OVH Community, your new community space.

How do you (clients of OVH) manage disk failures?

06-01-2014, 23:24
I also do backup of backups to two locations in case original backup fails (after it happened once...)

04-01-2014, 17:50
I run raid1 but only because I cant run raid5 on two drives.
I ony back up things I cannot recreate, so rsync is fine for those cases where my Kimi isn't already using a copy.

In the face of total hdd death, it would take me a day or so to get back on the air, as I would need to rebuild my gentoo-hardened install and I don't back up the binaries. That suits my use case.

I've lost two HDD in the last few years, both wihin a few minutes of each other and both in the same raid5 set

04-01-2014, 16:20
With OVH, I've had two HDD issues in the past, but they were resolved in a fairly reasonable fashion (certainly not more than 24 hours).

I also use at the very least RAID 1. As that's not a guarantee that no loss of data will occur, I used to use Duplicity for backups, but have switched to BackupPC for its ease of management and de-duplication across all the backups, rather than a single backup as with Duplicity.

The BackupPC server does daily incremental backups of each server and retains 14 of them, and does a full backup every week, 2 of which are retained. For database servers it does a full dump prior to backup, and removes them once backup has been completed.

04-01-2014, 15:21
I run daily backups to home for website data and 3 hourly backups to home for databases. All data is archived here for 7 days. I've never lost any data to date by doing this.

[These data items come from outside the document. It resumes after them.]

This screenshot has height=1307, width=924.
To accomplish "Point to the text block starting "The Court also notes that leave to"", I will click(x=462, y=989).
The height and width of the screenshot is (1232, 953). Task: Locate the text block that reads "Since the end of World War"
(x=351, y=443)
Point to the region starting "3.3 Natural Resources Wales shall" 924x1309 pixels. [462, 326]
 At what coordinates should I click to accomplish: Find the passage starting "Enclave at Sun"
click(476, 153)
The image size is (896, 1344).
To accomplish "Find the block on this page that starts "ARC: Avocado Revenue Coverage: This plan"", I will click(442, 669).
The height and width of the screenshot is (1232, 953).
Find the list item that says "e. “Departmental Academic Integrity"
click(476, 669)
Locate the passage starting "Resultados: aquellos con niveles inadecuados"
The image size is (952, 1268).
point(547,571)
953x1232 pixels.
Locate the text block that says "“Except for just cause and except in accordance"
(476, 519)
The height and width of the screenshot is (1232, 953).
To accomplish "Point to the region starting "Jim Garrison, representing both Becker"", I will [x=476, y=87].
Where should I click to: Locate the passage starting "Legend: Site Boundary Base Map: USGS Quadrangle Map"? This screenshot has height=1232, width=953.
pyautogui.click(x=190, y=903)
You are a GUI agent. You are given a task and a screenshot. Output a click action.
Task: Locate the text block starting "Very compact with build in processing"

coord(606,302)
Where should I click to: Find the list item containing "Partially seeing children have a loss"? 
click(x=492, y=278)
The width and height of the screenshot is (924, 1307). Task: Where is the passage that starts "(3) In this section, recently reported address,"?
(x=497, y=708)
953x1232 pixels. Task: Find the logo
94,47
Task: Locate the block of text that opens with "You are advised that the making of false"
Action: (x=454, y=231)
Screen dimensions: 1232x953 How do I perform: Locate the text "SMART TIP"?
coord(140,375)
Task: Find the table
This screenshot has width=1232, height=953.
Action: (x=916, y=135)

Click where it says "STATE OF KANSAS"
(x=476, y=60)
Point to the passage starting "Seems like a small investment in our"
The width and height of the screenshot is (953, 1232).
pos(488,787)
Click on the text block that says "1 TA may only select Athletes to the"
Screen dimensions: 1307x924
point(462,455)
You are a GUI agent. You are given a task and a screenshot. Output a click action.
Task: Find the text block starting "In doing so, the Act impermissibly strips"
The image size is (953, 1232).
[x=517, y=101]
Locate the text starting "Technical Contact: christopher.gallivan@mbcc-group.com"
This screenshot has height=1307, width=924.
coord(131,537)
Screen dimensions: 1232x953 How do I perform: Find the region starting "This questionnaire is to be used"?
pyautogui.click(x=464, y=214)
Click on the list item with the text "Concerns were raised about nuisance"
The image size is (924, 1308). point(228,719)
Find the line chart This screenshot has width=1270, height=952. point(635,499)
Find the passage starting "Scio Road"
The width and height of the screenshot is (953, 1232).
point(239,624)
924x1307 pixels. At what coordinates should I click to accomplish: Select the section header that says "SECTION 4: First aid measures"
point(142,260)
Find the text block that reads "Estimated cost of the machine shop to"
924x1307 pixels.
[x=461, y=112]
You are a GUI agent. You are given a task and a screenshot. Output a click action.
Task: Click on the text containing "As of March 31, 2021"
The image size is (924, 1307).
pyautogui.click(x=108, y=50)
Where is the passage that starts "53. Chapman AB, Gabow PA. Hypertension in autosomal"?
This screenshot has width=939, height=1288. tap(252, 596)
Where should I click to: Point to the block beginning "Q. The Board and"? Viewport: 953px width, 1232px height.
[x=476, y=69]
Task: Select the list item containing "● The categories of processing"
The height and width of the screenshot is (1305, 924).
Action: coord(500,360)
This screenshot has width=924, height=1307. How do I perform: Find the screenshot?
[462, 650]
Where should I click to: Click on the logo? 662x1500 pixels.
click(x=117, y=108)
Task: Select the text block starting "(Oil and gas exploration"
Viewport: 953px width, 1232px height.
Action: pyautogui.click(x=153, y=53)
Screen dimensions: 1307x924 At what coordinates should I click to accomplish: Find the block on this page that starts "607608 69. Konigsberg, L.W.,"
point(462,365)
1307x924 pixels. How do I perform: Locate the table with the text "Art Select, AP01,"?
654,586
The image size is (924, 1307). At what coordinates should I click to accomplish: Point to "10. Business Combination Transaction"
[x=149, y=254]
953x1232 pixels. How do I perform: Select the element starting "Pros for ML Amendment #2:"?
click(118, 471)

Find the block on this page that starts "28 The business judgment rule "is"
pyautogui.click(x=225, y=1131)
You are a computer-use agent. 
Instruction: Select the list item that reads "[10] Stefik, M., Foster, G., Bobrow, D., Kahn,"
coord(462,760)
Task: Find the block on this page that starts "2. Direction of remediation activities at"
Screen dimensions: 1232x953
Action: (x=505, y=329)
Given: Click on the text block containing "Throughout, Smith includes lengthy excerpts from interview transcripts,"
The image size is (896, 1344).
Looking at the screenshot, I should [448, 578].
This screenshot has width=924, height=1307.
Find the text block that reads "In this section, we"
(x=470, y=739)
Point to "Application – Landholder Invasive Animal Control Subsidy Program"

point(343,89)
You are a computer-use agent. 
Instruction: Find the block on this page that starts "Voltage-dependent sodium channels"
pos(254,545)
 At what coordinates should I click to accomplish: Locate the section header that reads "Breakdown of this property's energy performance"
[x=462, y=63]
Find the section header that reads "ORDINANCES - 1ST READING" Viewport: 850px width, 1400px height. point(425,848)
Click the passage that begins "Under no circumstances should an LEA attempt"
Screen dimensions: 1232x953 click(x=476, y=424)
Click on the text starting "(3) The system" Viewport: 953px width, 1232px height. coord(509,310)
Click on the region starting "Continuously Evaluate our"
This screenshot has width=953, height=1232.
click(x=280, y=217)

OVH's response to disk failures is appalling, you can see my experience here: After 6 years with OVH I decided to move to a company who cares about its customers. It was a hard decision but it's clear that OVH don't value it's loyal customers

My advice is to do one of the following:
1. Backup to a server at home regularly (if you have the upload bandwidth to restore it if required).
2. Purchase another cheap server from OVH or another provider and backup to that.

In my opinion, monthly or even weekly backups isn't often enough. A lot can change in 24 hours so a lot more is going to happen over a week. At the very least you should backup your databases daily as they are likely to change more often.

I'm a bit of a backup buff because I hate losing things. I even made my own backup scripts to manage the archiving. I'll explain my process in case it's of interest to you...

1. The server initiates a backup to the backup server via FTP, using a piece of software called SyncBackSE. It's capable of remembering the directory structure so it doesn't have to scan the FTP each time and allows partial backups.

2. The main data copies at 11pm daily, the databases copy every 3 hours from 12am, 3am, etc.

3. On the backup server, disk 1 is the data drive where the backups copy to. Disk 2 is the archive disk. On a set schedule (about 1.5hrs after the main server to backup server copy), it copies the relevant directories from disk 1 to disk 2 into an archive folder and deletes the oldest backup. Disk 1's data always remains as the "latest" backup just in case the archive disk fails (just another layer of backups really).

4. I get emailed to tell me the status of that backup run.

It's all automated once setup and has only failed to work 2 or 3 times in 4 years and those were due to the cron not firing or the disk being full.

In total, it handles about 50GB of backups, but I don't doubt it could cope with a lot more.

Since I've been with OVH I suffered 4 disk failures, and not a single one was handled well, so I would make sure you have a backup plan in place should it happen in the form of another server you can fail over to or something else.

03-01-2014, 19:43
Touch wood, I've only had one HD go since 2008, just wanted to get some ideas to minimise the downtime if and when it happens again.

03-01-2014, 19:37
I am lucky enough to have not had one fail yet.

All my projects are backed up everyday so if I knew a failure is imminent I can transfer theme to the backup server and point everything to that server while the ticket is sent for a replacement HDD.

All drives fail I guess its just when.

03-01-2014, 18:59
I had one fail in a Kimi last July, it totally died - took roughly 24hrs to be replaced.

Despite all the talk about hard drives should have a decent SLA window (all servers), I'm just wondering how do you all cope when a hard drive isn't totally gone? In the sense that if you open (or request) a ticket, you do not actually know when the drive will be replaced even when you give the tech the go ahead. I know most of you have a backup plan in place, but if you run software that really can't do redundancy 100%, you're playing a waiting game while new data is being written to disk, etc etc.